Kuhio Beach to get new sand

By Lynda Arakawa
Advertiser Staff Writer

After about two years of delays, the state's sand replenishment project at Kuhio Beach is set to begin next month.

State Department of Land and Natural Resources officials said they're still finalizing a start date, which will be sometime in mid- to late October.

"We want to make sure ... that the summer swell is essentially over," said DLNR chairman Peter Young. "We don't want to pump sand up onto the beach and then have a swell just take it back out."

The replenishment project will be the largest in more than three decades at the beach, which experts say has eroded by about a foot a year since 1985, the state has said.

The sand replenishment was originally supposed to begin in the fall 2004, but was repeatedly postponed because of issues including permitting and equipment delays and, most recently, the March sewage spill in the Ala Wai Canal. State officials pushed the project back to the fall to avoid the summer south swell.

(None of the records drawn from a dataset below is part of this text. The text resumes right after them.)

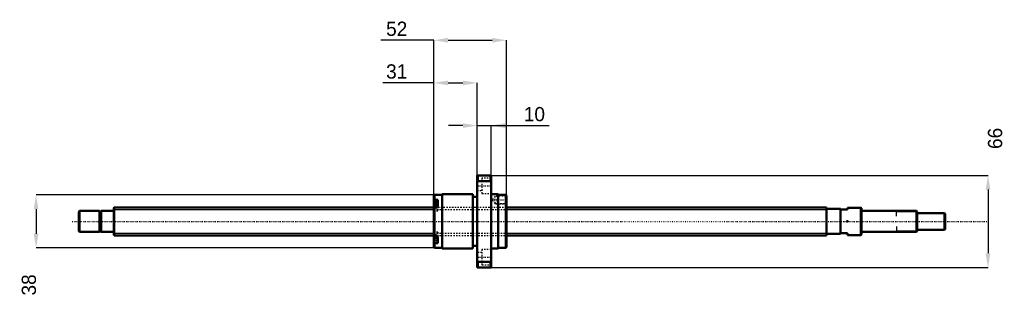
# Model space of a CAD drawing. Header units: millimetres. Extents: x -67 to 637, y -54 to 145.
import ezdxf

# ---------------------------------------------------------------- set-up
doc = ezdxf.new("R2010")
doc.units = ezdxf.units.MM
doc.linetypes.add('Center', pattern=[1.5, 0.45, -0.5, 0.05, -0.5])
doc.linetypes.add('Dashed', pattern=[2, 1, -1])
for name, color, linetype, lineweight in [('2d ConnectionPoints', 7, 'Continuous', 50), ('AM_0', 7, 'Continuous', 50), ('AM_4', 3, 'Continuous', 25), ('AM_5', 3, 'Continuous', 25), ('AM_7', 7, 'Center', 25), ('AM_9', 6, 'Dashed', 25)]:
    doc.layers.add(name, color=color, linetype=linetype, lineweight=lineweight)
doc.dimstyles.new('ISO-25', dxfattribs={"dimtxt": 2.5, "dimasz": 2.5, "dimexe": 1.25, "dimexo": 0.625, "dimtad": 1, "dimtxsty": 'Standard', "dimcen": 2.5, "dimadec": 0, "dimazin": 0, "dimtfac": 1, "dimtmove": 0, "dimatfit": 3, "dimfxl": 0, "dimarcsym": 0})

# ---------------------------------------------------------------- blocks, each defined once
blk = doc.blocks.new('1_BNK_2020_3_6G0_620LC5Y0_Nut_0_in_BNK2020_3_6G0_620LC5Y_2810__4')
at = {"layer": 'AM_0'}
for p, q in [((270, 33), (260, 33)), ((260, 33), (260, -33)), ((260, 28.34), (260.5, 28.98)), ((260.5, 33), (260.5, 28.98)), ((260.5, 28.98), (269.5, 28.98)), ((269.5, 33), (269.5, 28.98)), ((269.5, 28.98), (270, 28.34)), ((270, 33), (270, -33)), ((229.5, 19), (229, 18.5)), ((229, 18.5), (229, 10.59)), ((229, 15.18), (229.5, 15.54)), ((235, 19), (229.5, 19)), ((229.5, 19), (229.5, 15.54)), ((232, 15.54), (229.5, 15.54)), ((232, 15.54), (232, 10.94)), ((235, 19.5), (235, -19.5)), ((257, 19.5), (235, 19.5)), ((257, 19.5), (257, -19.5)), ((260, 17.55), (257, 17.55)), ((275, 19.5), (270, 19.5)), ((275, 19.5), (275, -19.5)), ((280.5, 19), (275, 19)), ((280.5, 19), (280.5, -19)), ((281, 18.5), (280.5, 19)), ((281, 18.5), (281, -18.5)), ((229.5, 10.94), (229, 10.58)), ((229, 10.58), (229, -18.5)), ((232, 13.71), (229.28, 13.71)), ((232, 10.94), (229.5, 10.94)), ((229.5, 10.94), (229.5, -10.94)), ((229, -10.58), (229.5, -10.94)), ((229.28, -13.71), (232, -13.71)), ((232, -10.94), (229.5, -10.94)), ((232, -10.94), (232, -15.54)), ((229.5, -15.54), (229, -15.18)), ((229, -18.5), (229.5, -19)), ((232, -15.54), (229.5, -15.54)), ((229.5, -15.54), (229.5, -19)), ((229.5, -19), (235, -19)), ((235, -19.5), (257, -19.5)), ((257, -17.55), (260, -17.55)), ((270, -19.5), (275, -19.5)), ((275, -19), (280.5, -19)), ((280.5, -19), (281, -18.5)), ((260.5, -28.98), (260, -28.34)), ((260, -33), (270, -33)), ((260.5, -28.98), (260.5, -33)), ((269.5, -28.98), (260.5, -28.98)), ((270, -28.34), (269.5, -28.98)), ((269.5, -28.98), (269.5, -33))]:
    blk.add_line(p, q, dxfattribs=at)
for centre, start, end in [((229.28, 13.44), 90, 180), ((229.28, -13.44), 180, 270)]:
    blk.add_arc(centre, 0.275, start, end, dxfattribs=at)
at = {"layer": 'AM_4'}
for p, q in [((229.28, 13.71), (229.28, 10.78)), ((229.28, -10.78), (229.28, -13.71))]:
    blk.add_line(p, q, dxfattribs=at)
at = {"layer": 'AM_5', "linetype": 'Dashed'}
for p, q in [((273.7, 18.09), (274.4, 18.5)), ((281, 18.5), (274.4, 18.5)), ((274.4, 18.5), (274.4, 12.5)), ((273.7, 12.91), (274.4, 12.5)), ((281, 12.5), (274.4, 12.5))]:
    blk.add_line(p, q, dxfattribs=at)
at = {"layer": 'AM_7'}
for p, q in [((259.5, 25.55), (270.5, 25.55)), ((270.61, 15.5), (281.5, 15.5)), ((228.85, 10.96), (232.15, 10.96)), ((228.85, -10.96), (232.15, -10.96)), ((259.5, -25.55), (270.5, -25.55))]:
    blk.add_line(p, q, dxfattribs=at)
at = {"layer": 'AM_9'}
for p, q in [((263.5, 28.85), (260, 28.85)), ((263.5, 31.05), (263.5, 20.05)), ((270, 31.05), (263.5, 31.05)), ((260, 22.25), (263.5, 22.25)), ((263.5, 20.05), (270, 20.05)), ((272.6, 18.09), (271.1, 15.5)), ((271.1, 15.5), (272.6, 12.91)), ((280.59, 18.09), (272.6, 18.09)), ((272.6, 18.09), (272.6, 12.91)), ((281, 18.5), (280.59, 18.09)), ((280.59, 18.09), (280.59, 12.91)), ((232, 13.26), (229, 13.26)), ((230.85, 12.35), (229, 12.35)), ((230.85, 11.98), (229, 11.98)), ((230.85, 11.33), (229, 11.33)), ((230.85, 10.59), (229, 10.59)), ((281, 10), (229, 10)), ((230.85, 9.94), (229, 9.94)), ((230.85, 9.57), (229, 9.57)), ((232, 8.66), (229, 8.66)), ((229, 7.71), (232, 7.71)), ((229.28, 10.78), (229.28, 8.21)), ((229.28, 8.21), (232, 8.21)), ((230.85, 12.35), (230.85, 9.57)), ((232, 10.94), (232, 7.71)), ((272.6, 12.91), (280.59, 12.91)), ((280.59, 12.91), (281, 12.5)), ((232, -7.71), (229, -7.71)), ((232, -8.66), (229, -8.66)), ((230.85, -9.57), (229, -9.57)), ((230.85, -9.94), (229, -9.94)), ((229, -10), (281, -10)), ((230.85, -10.59), (229, -10.59)), ((230.85, -11.33), (229, -11.33)), ((230.85, -11.98), (229, -11.98)), ((230.85, -12.35), (229, -12.35)), ((232, -13.26), (229, -13.26)), ((229.28, -8.21), (229.28, -10.78)), ((232, -8.21), (229.28, -8.21)), ((230.85, -9.57), (230.85, -12.35)), ((232, -7.71), (232, -10.94)), ((263.5, -20.05), (263.5, -31.05)), ((270, -20.05), (263.5, -20.05)), ((263.5, -22.25), (260, -22.25)), ((260, -28.85), (263.5, -28.85)), ((263.5, -31.05), (270, -31.05))]:
    blk.add_line(p, q, dxfattribs=at)
for centre, start, end in [((229.28, 8.49), 180, 270), ((229.28, -8.49), 90, 180)]:
    blk.add_arc(centre, 0.275, start, end, dxfattribs=at)
blk = doc.blocks.new('2_BNK_2020_3_6G0_620LC5Y_Shaft_0_in_BNK2020_3_6G0_620LC5Y_2810__4')
at = {"layer": 'AM_0'}
for p, q in [((-24.5, 7.5), (-25, 7)), ((-24.5, 7.5), (-24.5, -7.5)), ((-10.15, 7.5), (-24.5, 7.5)), ((-10.15, 7.5), (-10.15, -7.5)), ((-9, 7.15), (-10.15, 7.15)), ((-9, 7.5), (-9, -7.5)), ((-0.2, 7.5), (-9, 7.5)), ((0.3, 10), (0, 9.7)), ((0, 9.7), (0, -9.7)), ((0.3, 10), (0.3, -10)), ((229, 10), (0.3, 10)), ((510, 10), (281, 10)), ((510, 10), (510, -10)), ((520, 9), (510, 9)), ((520, 9), (520, -9)), ((520, 8.5), (525, 8.5)), ((534.7, 9.75), (525, 9.75)), ((525, 9.75), (525, 8.5)), ((535, 9.45), (534.7, 9.75)), ((534.7, 9.75), (534.7, -9.75)), ((535, 9.45), (535, -9.45)), ((574.5, 7.5), (535.2, 7.5)), ((575, 7), (574.5, 7.5)), ((574.5, 7.5), (574.5, -7.5)), ((-25, 7), (-25, -7)), ((575, 7), (575, -7)), ((594.5, 6), (575, 6)), ((595, 5.5), (594.5, 6)), ((594.5, 6), (594.5, -6)), ((595, 5.5), (595, -5.5)), ((-25, -7), (-24.5, -7.5)), ((574.5, -7.5), (575, -7)), ((575, -6), (594.5, -6)), ((594.5, -6), (595, -5.5)), ((-24.5, -7.5), (-10.15, -7.5)), ((-10.15, -7.15), (-9, -7.15)), ((-9, -7.5), (-0.2, -7.5)), ((0, -9.7), (0.3, -10)), ((0.3, -10), (229, -10)), ((281, -10), (510, -10)), ((510, -9), (520, -9)), ((525, -8.5), (520, -8.5)), ((525, -8.5), (525, -9.75)), ((525, -9.75), (534.7, -9.75)), ((534.7, -9.75), (535, -9.45)), ((535.2, -7.5), (574.5, -7.5))]:
    blk.add_line(p, q, dxfattribs=at)
for centre, start, end in [((-0.2, 7.7), 270, 360), ((535.2, 7.7), 180, 270), ((-0.2, -7.7), 0, 90), ((535.2, -7.7), 90, 180)]:
    blk.add_arc(centre, 0.2, start, end, dxfattribs=at)
at = {"layer": 'AM_4'}
for p, q in [((-0.2, 7.5), (-0.2, -7.5)), ((535.2, 7.5), (535.2, -7.5))]:
    blk.add_line(p, q, dxfattribs=at)
at = {"layer": 'AM_5'}
for p, q in [((0, 8.4665), (229, 8.4665)), ((281, 8.4665), (510, 8.4665)), ((510, 5), (510, 8.4665)), ((575, 6.8865), (560, 6.8865)), ((560, 3.75), (560, 6.8865)), ((510, -5), (510, -8.4665)), ((560, -3.75), (560, -6.8865)), ((575, -6.8865), (560, -6.8865)), ((0, -8.4665), (229, -8.4665)), ((281, -8.4665), (510, -8.4665))]:
    blk.add_line(p, q, dxfattribs=at)
at = {"layer": 'AM_5', "linetype": 'Dashed'}
for p, q in [((229, 8.4665), (281, 8.4665)), ((229, -8.4665), (281, -8.4665))]:
    blk.add_line(p, q, dxfattribs=at)
at = {"layer": 'AM_7'}
blk.add_line((-29.75, 0), (624.75, 0), dxfattribs=at)
at = {"layer": 'AM_9'}
for p, q in [((281, 10), (229, 10)), ((229, -10), (281, -10))]:
    blk.add_line(p, q, dxfattribs=at)
blk = doc.blocks.new('*D3')
at = {"layer": 'AM_5', "color": 0, "lineweight": -2}
for p, q in [((229, 99.3), (192.62, 99.3)), ((229, 18.5), (229, 99.3)), ((239.2, 99.3), (249.8, 99.3)), ((260, 33), (260, 99.3))]:
    blk.add_line(p, q, dxfattribs=at)
at = {"layer": 'AM_5', "color": 0}
for points in [[(239.2, 101), (239.2, 97.6), (229, 99.3)], [(249.8, 97.6), (249.8, 101), (260, 99.3)]]:
    blk.add_solid(points, dxfattribs=at)
at = {"layer": 'Defpoints', "color": 0}
for p in [(260, 99.3), (260, 33), (229, 18.5)]:
    blk.add_point(p, dxfattribs=at)
at = {"layer": 'AM_5', "color": 0, "insert": (202.48, 107.46), "char_height": 10.2, "attachment_point": 5}
blk.add_mtext('31', dxfattribs=at)
blk = doc.blocks.new('*D4')
at = {"layer": 'AM_5', "color": 0, "lineweight": -2}
for p, q in [((229.5, 19), (-55.6, 19)), ((-55.6, 8.8), (-55.6, -8.8)), ((229.5, -19), (-55.6, -19))]:
    blk.add_line(p, q, dxfattribs=at)
at = {"layer": 'AM_5', "color": 0}
for points in [[(-53.9, 8.8), (-57.3, 8.8), (-55.6, 19)], [(-57.3, -8.8), (-53.9, -8.8), (-55.6, -19)]]:
    blk.add_solid(points, dxfattribs=at)
at = {"layer": 'Defpoints', "color": 0}
for p in [(229.5, 19), (-55.6, -19), (229.5, -19)]:
    blk.add_point(p, dxfattribs=at)
at = {"layer": 'AM_5', "color": 0, "insert": (-60.7, -45.52), "char_height": 10.2, "attachment_point": 5, "rotation": 90}
blk.add_mtext('38', dxfattribs=at)
blk = doc.blocks.new('*D5')
at = {"layer": 'AM_5', "color": 0, "lineweight": -2}
for p, q in [((249.8, 68.7), (239.6, 68.7)), ((260, 33), (260, 68.7)), ((260, 68.7), (270, 68.7)), ((270, 33), (270, 68.7)), ((270, 68.7), (311.58, 68.7)), ((280.2, 68.7), (290.4, 68.7))]:
    blk.add_line(p, q, dxfattribs=at)
at = {"layer": 'AM_5', "color": 0}
for points in [[(249.8, 67), (249.8, 70.4), (260, 68.7)], [(280.2, 70.4), (280.2, 67), (270, 68.7)]]:
    blk.add_solid(points, dxfattribs=at)
at = {"layer": 'Defpoints', "color": 0}
for p in [(270, 68.7), (260, 33), (270, 33)]:
    blk.add_point(p, dxfattribs=at)
at = {"layer": 'AM_5', "color": 0, "insert": (300.99, 76.86), "char_height": 10.2, "attachment_point": 5}
blk.add_mtext('10', dxfattribs=at)
blk = doc.blocks.new('*D6')
at = {"layer": 'AM_5', "color": 0, "lineweight": -2}
for p, q in [((229, 129.9), (191.16, 129.9)), ((229, 18.5), (229, 129.9)), ((239.2, 129.9), (270.8, 129.9)), ((281, 18.5), (281, 129.9))]:
    blk.add_line(p, q, dxfattribs=at)
at = {"layer": 'AM_5', "color": 0}
for points in [[(239.2, 131.6), (239.2, 128.2), (229, 129.9)], [(270.8, 128.2), (270.8, 131.6), (281, 129.9)]]:
    blk.add_solid(points, dxfattribs=at)
at = {"layer": 'Defpoints', "color": 0}
for p in [(281, 129.9), (229, 18.5), (281, 18.5)]:
    blk.add_point(p, dxfattribs=at)
at = {"layer": 'AM_5', "color": 0, "insert": (202.48, 138.06), "char_height": 10.2, "attachment_point": 5}
blk.add_mtext('52', dxfattribs=at)
blk = doc.blocks.new('*D7')
at = {"layer": 'AM_5', "color": 0, "lineweight": -2}
for p, q in [((270, 33), (625.6, 33)), ((625.6, 22.8), (625.6, -22.8)), ((270, -33), (625.6, -33))]:
    blk.add_line(p, q, dxfattribs=at)
at = {"layer": 'AM_5', "color": 0}
for points in [[(627.3, 22.8), (623.9, 22.8), (625.6, 33)], [(623.9, -22.8), (627.3, -22.8), (625.6, -33)]]:
    blk.add_solid(points, dxfattribs=at)
at = {"layer": 'Defpoints', "color": 0}
for p in [(270, 33), (270, -33), (625.6, -33)]:
    blk.add_point(p, dxfattribs=at)
at = {"layer": 'AM_5', "color": 0, "insert": (630.7, 59.52), "char_height": 10.2, "attachment_point": 5, "rotation": 90}
blk.add_mtext('66', dxfattribs=at)

msp = doc.modelspace()

# ---------------------------------------------------------------- linework, layer by layer
at = {"layer": '2d ConnectionPoints'}
for p in [(0, 0), (525, 0)]:
    msp.add_point(p, dxfattribs=at)

# ---------------------------------------------------------------- block references
for name in ['1_BNK_2020_3_6G0_620LC5Y0_Nut_0_in_BNK2020_3_6G0_620LC5Y_2810__4', '2_BNK_2020_3_6G0_620LC5Y_Shaft_0_in_BNK2020_3_6G0_620LC5Y_2810__4']:
    msp.add_blockref(name, (0, 0))

# ---------------------------------------------------------------- dimensions: what is measured, and where the dimension line sits
at = {"layer": 'AM_5'}
for base, p1, p2, text, picture, middle in [((281, 129.9), (229, 18.5), (281, 18.5), '52', '*D6', (202.48, 129.9)), ((260, 99.3), (229, 18.5), (260, 33), '31', '*D3', (202.48, 99.3)), ((270, 68.7), (260, 33), (270, 33), '10', '*D5', (300.989, 68.7))]:
    dim = msp.add_linear_dim(base=base, p1=p1, p2=p2, text=text, dimstyle='ISO-25', override={"dimtxt": 10.2, "dimasz": 10.2, "dimexe": 0, "dimexo": 0, "dimgap": 3.06}, dxfattribs=at)
    dim.commit()
    dim.dimension.update_dxf_attribs({"geometry": picture, "text_midpoint": middle, "dimtype": 160})
for base, p1, p2, text, picture, middle in [((625.6, -33), (270, 33), (270, -33), '66', '*D7', (630.7, 59.52)), ((-55.6, -19), (229.5, 19), (229.5, -19), '38', '*D4', (-60.7, -45.52))]:
    dim = msp.add_linear_dim(base=base, p1=p1, p2=p2, angle=90, text=text, dimstyle='ISO-25', override={"dimtxt": 10.2, "dimasz": 10.2, "dimexe": 0, "dimexo": 0, "dimgap": 3.06}, dxfattribs=at)
    dim.commit()
    dim.dimension.update_dxf_attribs({"geometry": picture, "text_midpoint": middle, "dimtype": 160, "text_rotation": 90})

doc.saveas('drawing.dxf')

The $500,000 project will take about 30 days and will deliver about 10,000 cubic yards of sand dredged from offshore to Kuhio Beach. American Marine, which dredged the Ala Wai Canal in 2003, is contracted to do the work.

The process involves mooring a barge about 2,000 feet offshore above a sand bank identified in a University of Hawai'i survey as having plentiful, clean sand. The barge will be equipped with a hydraulic sand dredge and connected to a submerged pipeline system to the beach. The sand will be pumped to a retention basin on the beach, where it will be allowed to dry. Heavy equipment will push the sand to areas that need it on Kuhio Beach.

About 250,000 cubic yards of sand have been added to the beach at Waikiki since the 1930s, according to the state. Much of that has been swept away by currents and moved offshore. The last major beach "nourishment" effort was in 1975, the department said.

"Waikiki is a built beach; it's had sand added to it (and) that sand has gone offshore into these pockets, so we want to use it rather than just trucking sand in and dumping it," Young said.

During public hearings on the project two years ago, George Downing, a founding member of the group Save Our Surf, and beach concessionaires expressed concerns that removing the sand below surf spots would affect the waves and asked that a study be done.

State officials conducted a test and also monitored the currents "to see what happens with the sand movement," Young said. Officials determined the waves would not be affected.

"We expect everyone will be happy," Young said.